Komisi VII DPR Minta Pengawasan Air Minum Kemasan Diperkuat

waktu baca 2 menit

Risiko ini meliputi paparan mikroplastik dari botol, pelepasan zat kimia seperti BPA atau antimon akibat suhu panas, serta adanya bromat yang bersifat karsinogenik bila kadarnya berlebih

Jakarta (KABARIN) - Anggota Komisi VII DPR RI Chusnunia meminta Balai Besar Pengawasan Obat dan Makanan (BPOM) memperkuat pengawasan peredaran air minum dalam kemasan (AMDK) guna memberikan rasa aman bagi masyarakat dan mendorong daya saing.

Menurut dia, penting untuk memastikan produk AMDK tak terkecuali produk kemasan lainnya mengantongi izin BPOM sebagai bentuk perlindungan terhadap konsumen.

"Saya belum mengetahui persis seberapa sering BPOM melakukan pengawasan terhadap peredaran AMDK yang ada karenanya kami mendorong pemerintah melakukan pengawasan terhadap air dengan tujuan melindungi masyarakat/kepentingan publik sekaligus mendorong daya saing produk,“ kata Chusnunia dalam keterangannya di Jakarta, Selasa.

Permintaan penguatan pengawasan AMDK itu disampaikan langsung Chusnunia dalam rapat dengar pendapat (RDP) bersama BPOM, Senin (22/6).

Dia menjelaskan pengawasan terhadap AMDK penting dilakukan karena produk tersebut merupakan kebutuhan primer manusia yang digunakan untuk kebutuhan sehari-hari.

Selain itu, kata dia, masyarakat kebanyakan mengandalkan BPOM untuk memastikan bahwa produk-produk tersebut sudah memiliki izin edar dari BPOM.
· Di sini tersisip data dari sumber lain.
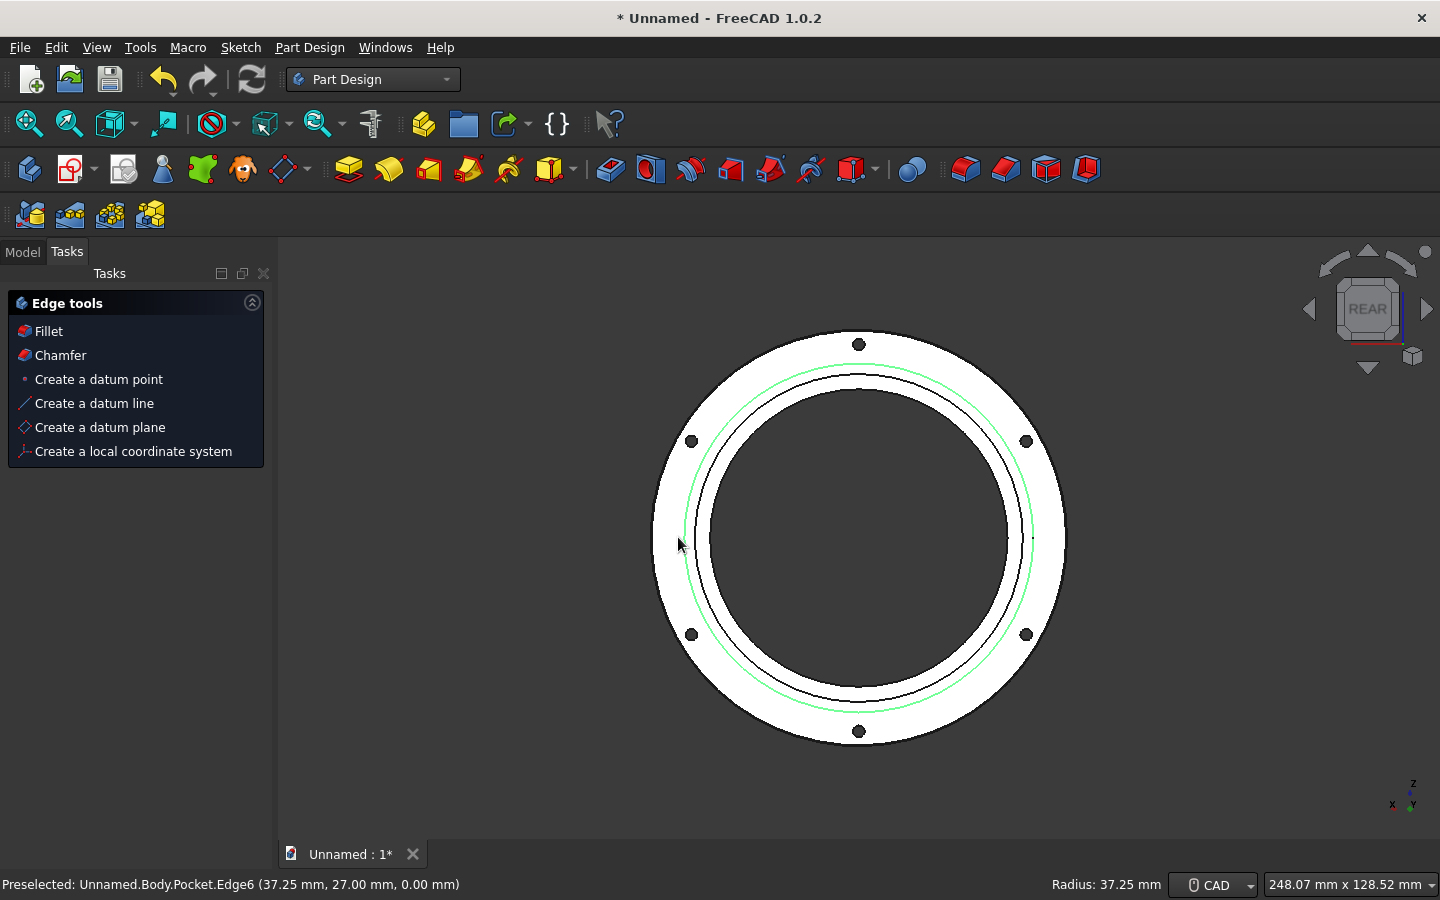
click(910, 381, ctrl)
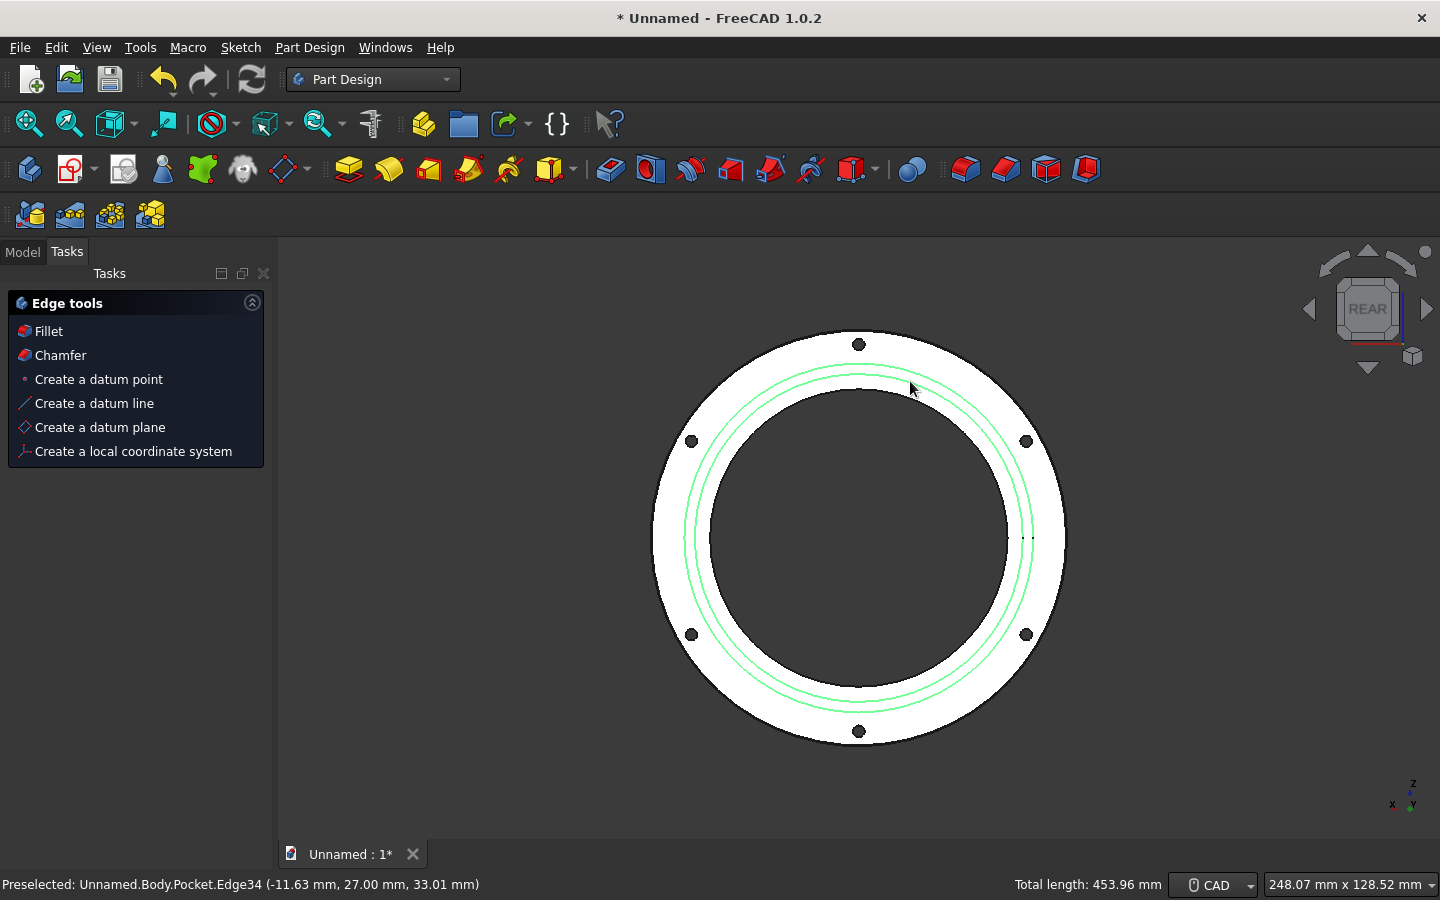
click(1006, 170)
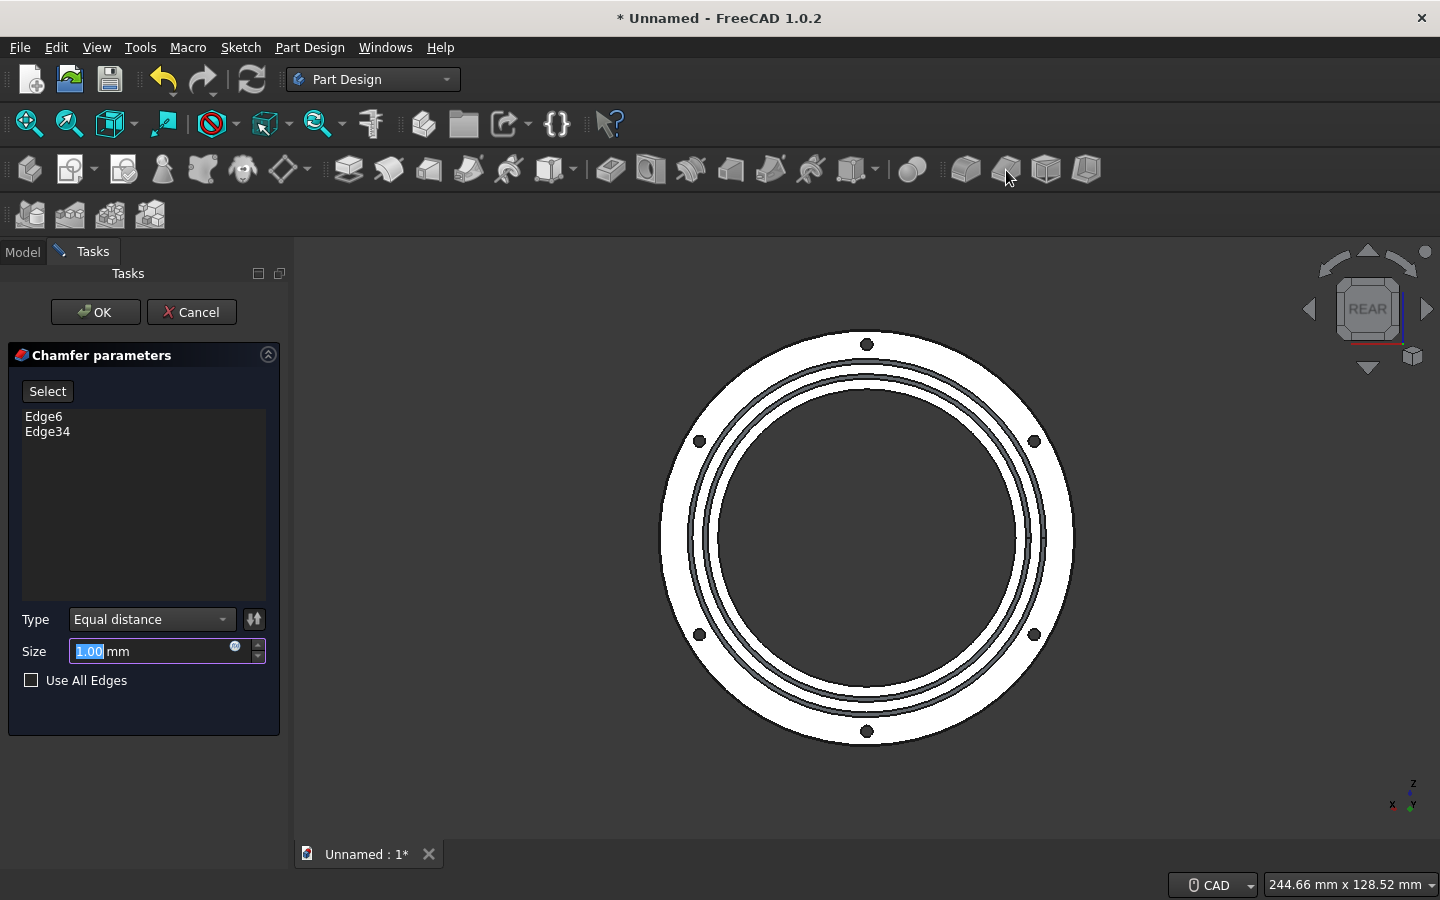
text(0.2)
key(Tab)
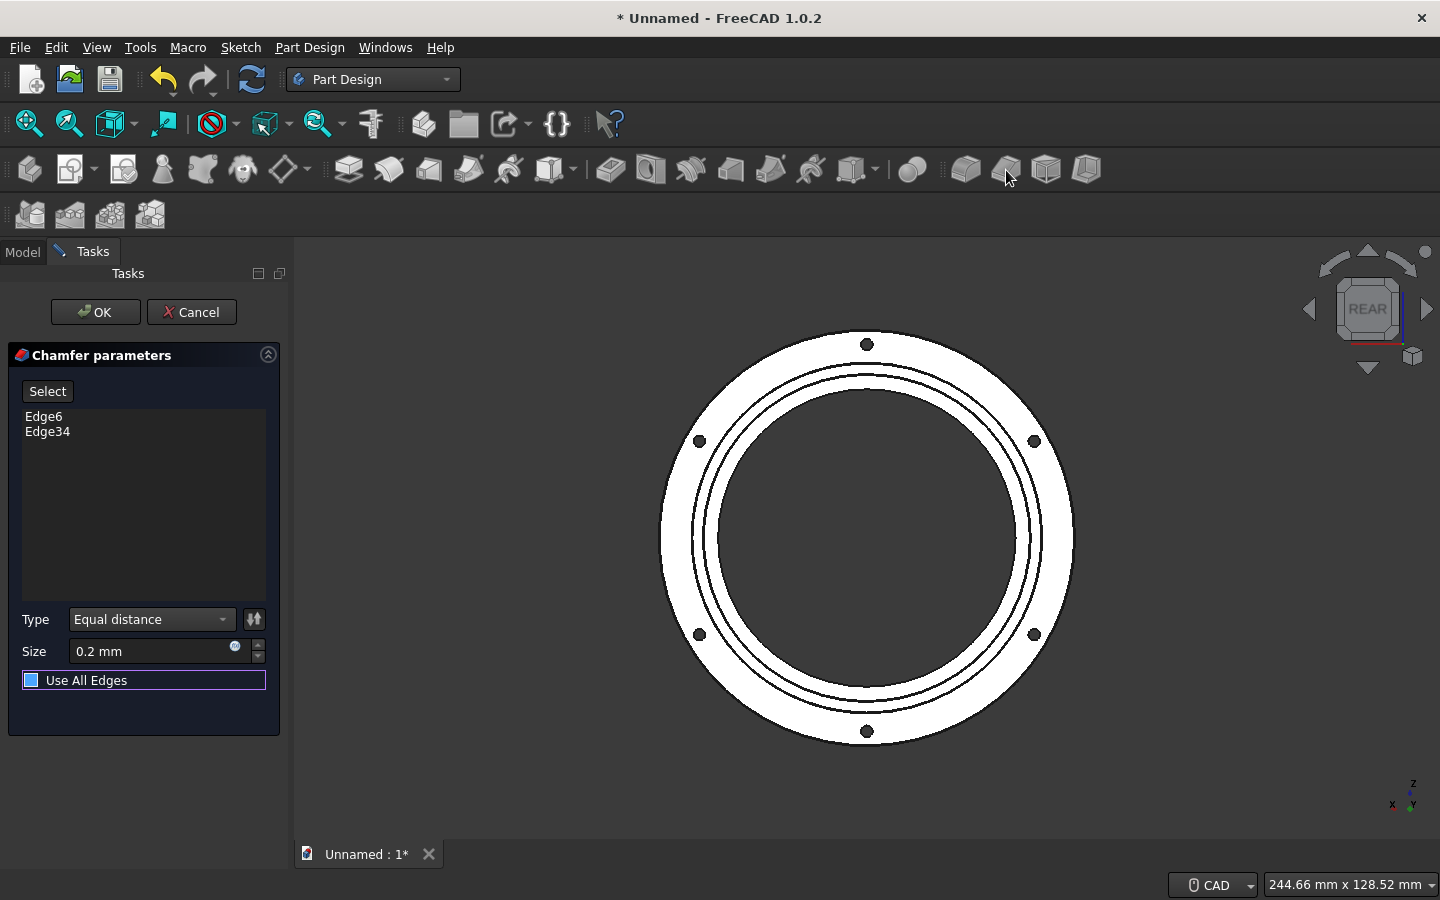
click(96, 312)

Chusnunia mengatakan bahwa semakin masifnya produksi AMDK menjadikan produk ini tergolong dalam kategori pangan risiko tinggi.

Dia menambahkan bahwa air mineral dalam kemasan pada umumnya aman dikonsumsi, namun juga memiliki potensi bahaya bagi kesehatan.

"Risiko ini meliputi paparan mikroplastik dari botol, pelepasan zat kimia seperti BPA atau antimon akibat suhu panas, serta adanya bromat yang bersifat karsinogenik bila kadarnya berlebih,” ujarnya.

Oleh karena itu pihaknya mendorong BPOM untuk lebih aktif dan rutin dalam melakukan inspeksi sarana produksi dan distribusi AMDK.

"Ini penting dilakukan sebagai upaya melindungi masyarakat dan meningkatkan daya saing produk," tegasnya.